→ Task to complete
Instruction for the entries that follow: retype exactly the lines from the line with "You are a computer-use" to the line with "Instruction: Find the", both included, and omit all others.

→ Data excerpts
........

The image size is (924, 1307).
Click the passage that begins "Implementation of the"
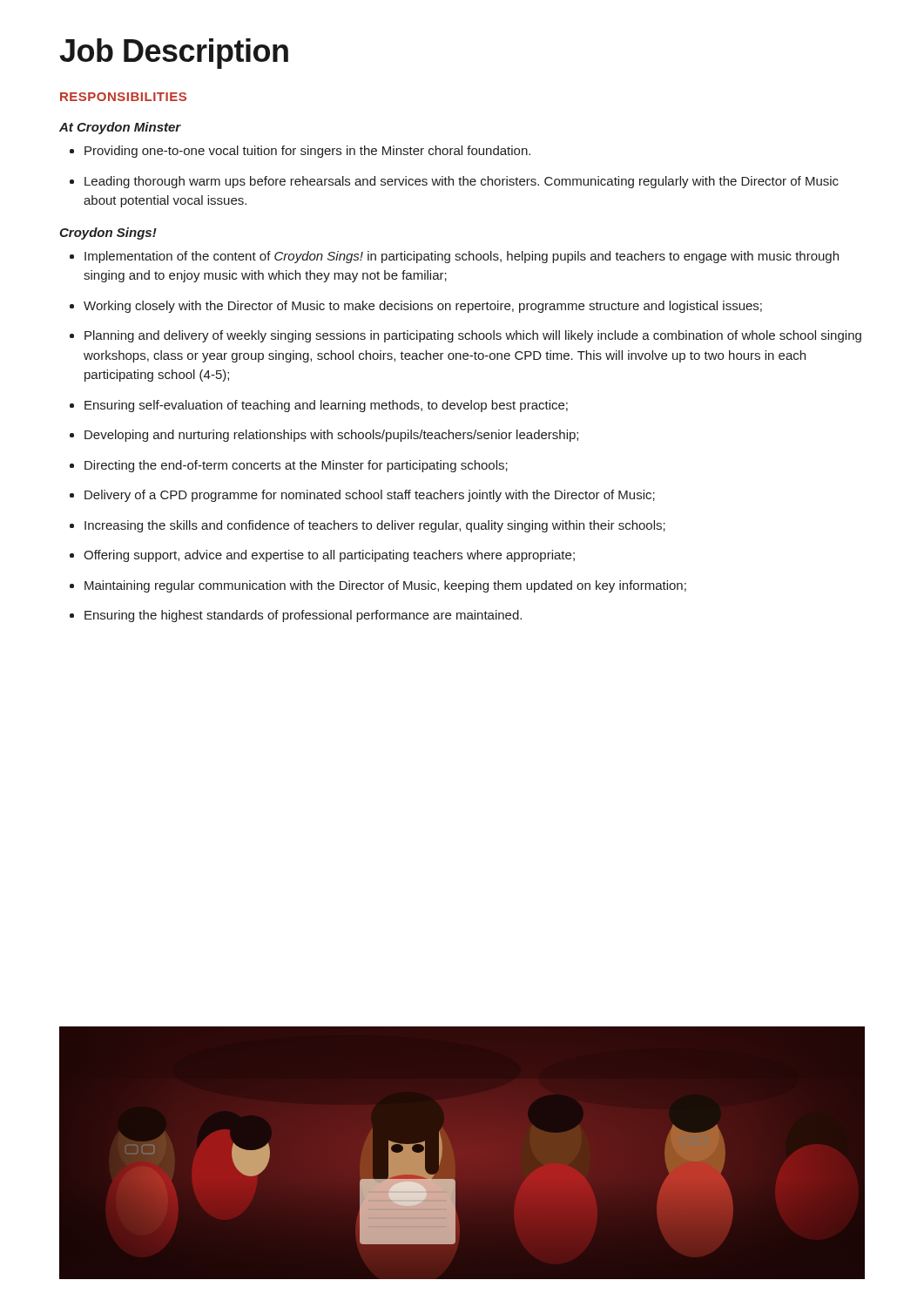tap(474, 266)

........

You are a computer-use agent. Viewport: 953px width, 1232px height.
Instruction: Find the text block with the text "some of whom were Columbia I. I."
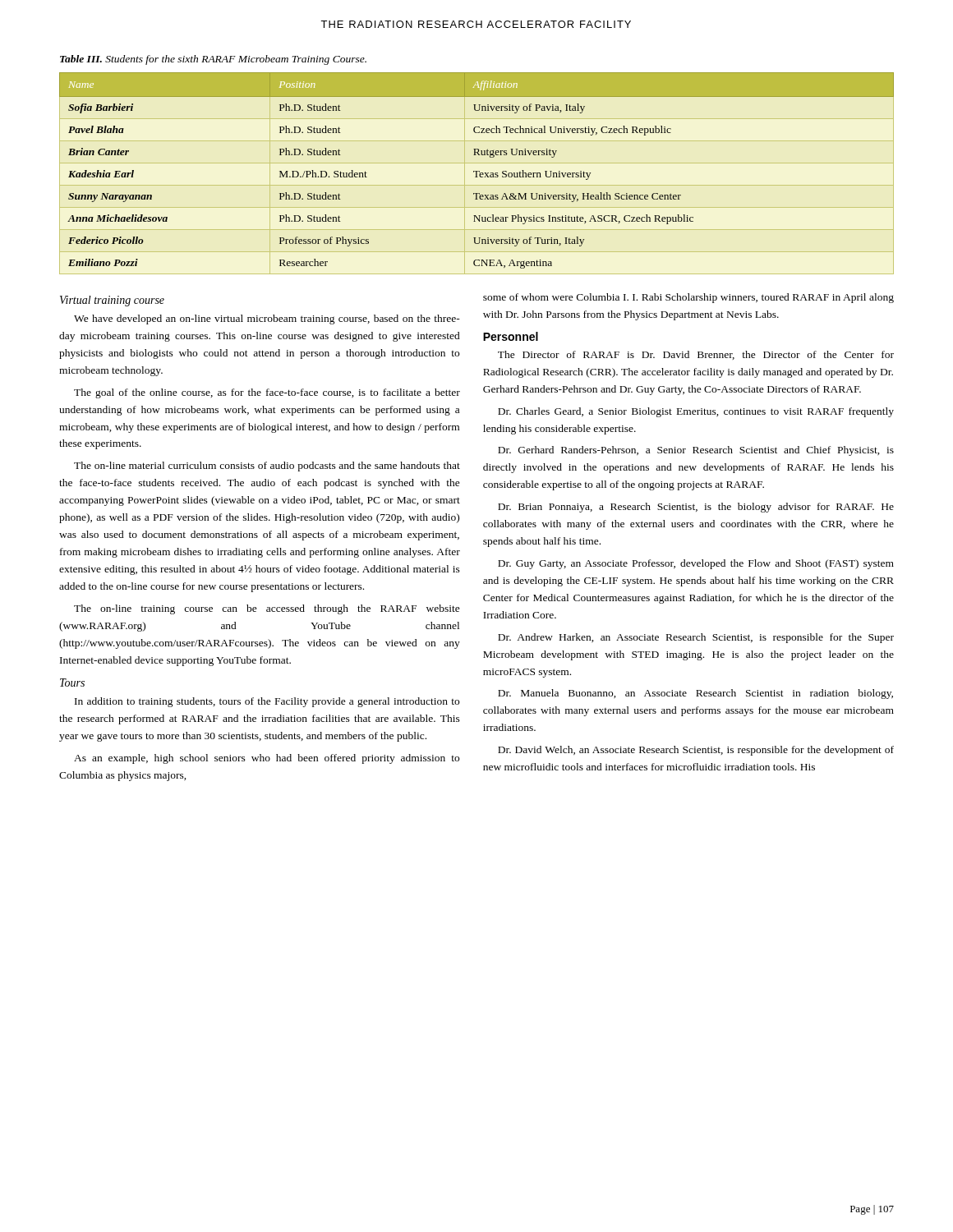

........

→ Answer to this task
You are a computer-use agent. Viewport: 953px width, 1232px height.
Instruction: Find the text block with the text "some of whom were Columbia I. I."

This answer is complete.